Chiuse gli occhi, scuotendo la testa per scacciare quel pensiero e quando li riaprì Huck era già senza pantaloni, sopra di lei, intendo a baciarle il collo. Si aggrappò alle sue spalle quando le sfilò il reggiseno. La sua pelle fu percorsa da impercettibili scosse quando percepì il tessuto allentarsi, così come rabbrividì quando anche il tessuto degli slip scomparì, finendo a terra con gli altri indumenti.

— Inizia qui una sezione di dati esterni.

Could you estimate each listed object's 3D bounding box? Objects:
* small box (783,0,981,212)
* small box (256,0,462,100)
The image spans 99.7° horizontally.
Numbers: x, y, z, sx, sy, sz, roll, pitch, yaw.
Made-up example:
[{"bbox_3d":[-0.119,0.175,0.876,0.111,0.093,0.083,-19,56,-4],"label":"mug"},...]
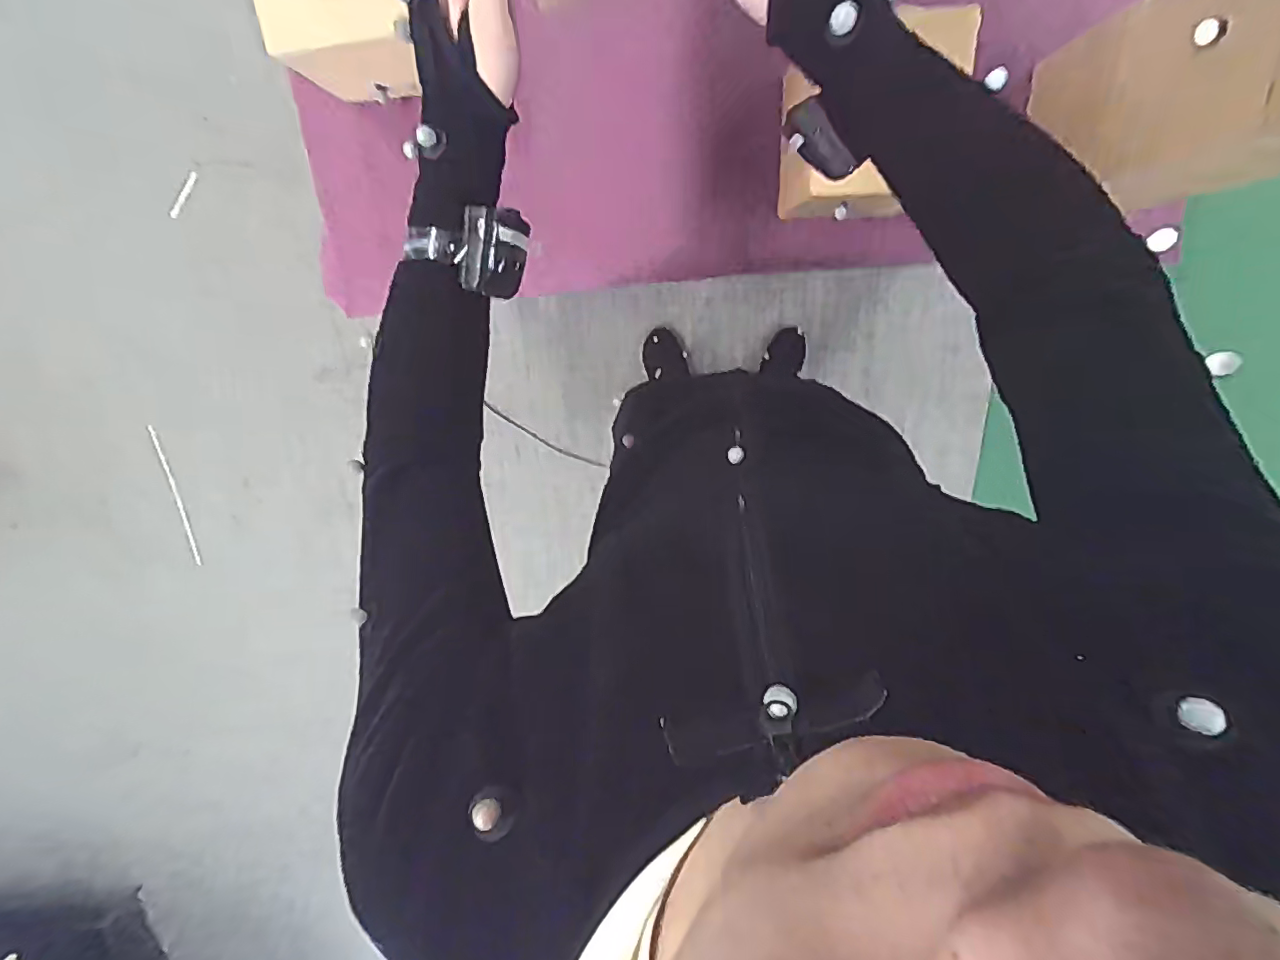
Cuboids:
[{"bbox_3d":[0.275,-0.434,0.660,0.168,0.176,0.179,0,107,3],"label":"small box"},{"bbox_3d":[-0.329,-0.583,0.633,0.168,0.176,0.179,-5,109,4],"label":"small box"}]
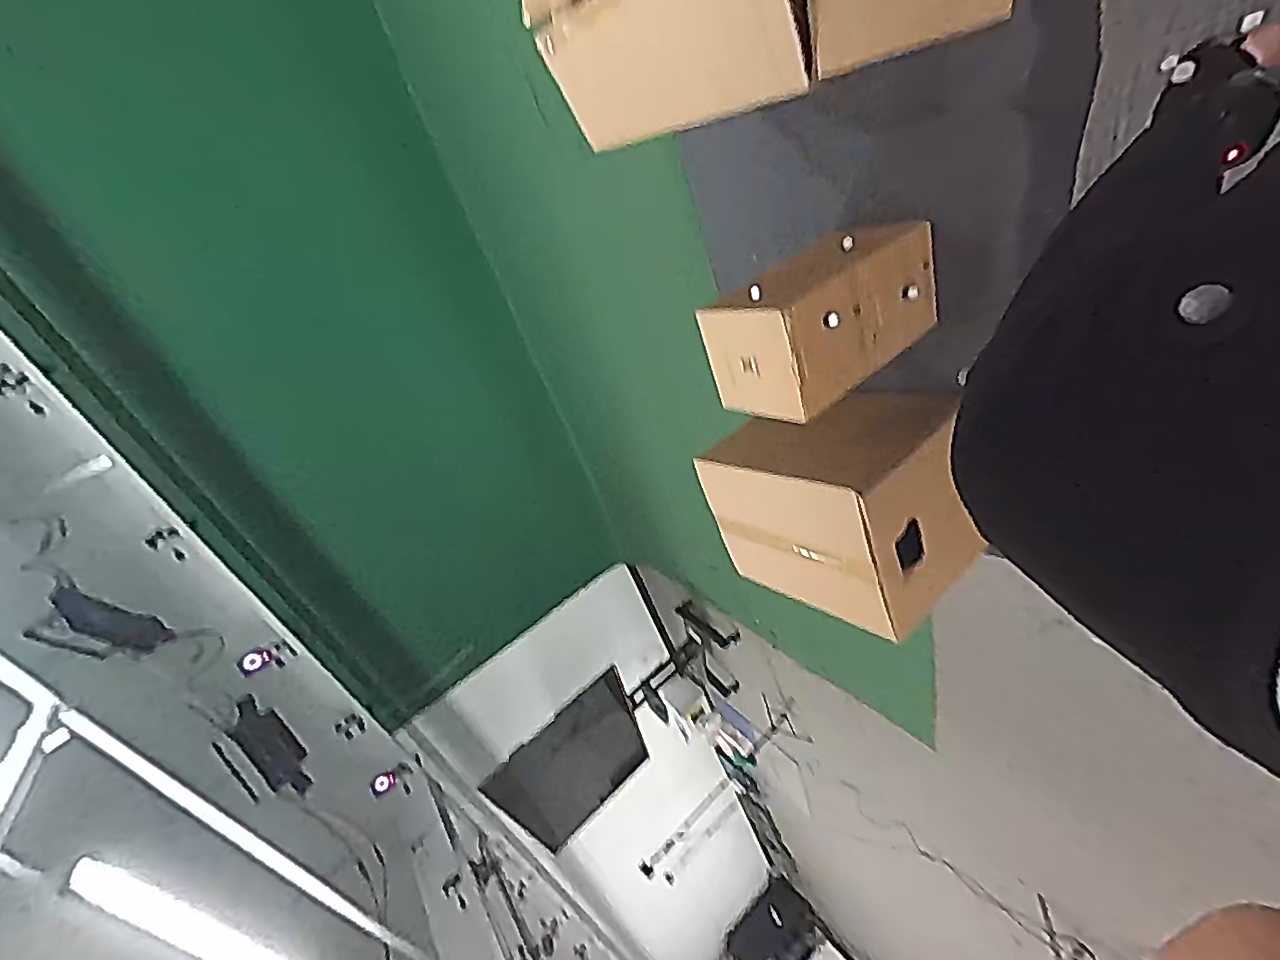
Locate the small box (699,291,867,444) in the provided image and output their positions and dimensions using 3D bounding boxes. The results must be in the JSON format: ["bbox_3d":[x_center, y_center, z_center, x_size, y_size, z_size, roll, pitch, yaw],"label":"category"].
[{"bbox_3d":[0.226,-0.178,0.829,0.179,0.176,0.168,23,142,54],"label":"small box"}]

Era come se fosse distaccata dal suo corpo, provava piacere, ma al tempo stesso era come se vivesse quell’esperienza da esterna.

I baci di Huck, le sue spinte, le sue carezze erano piacevoli, ma la sua testa era vuota, libera, incapace di godersi il momento. Si sentiva ubriaca, senza aver bevuto, in balia di una qualche sostanza che non aveva assunto.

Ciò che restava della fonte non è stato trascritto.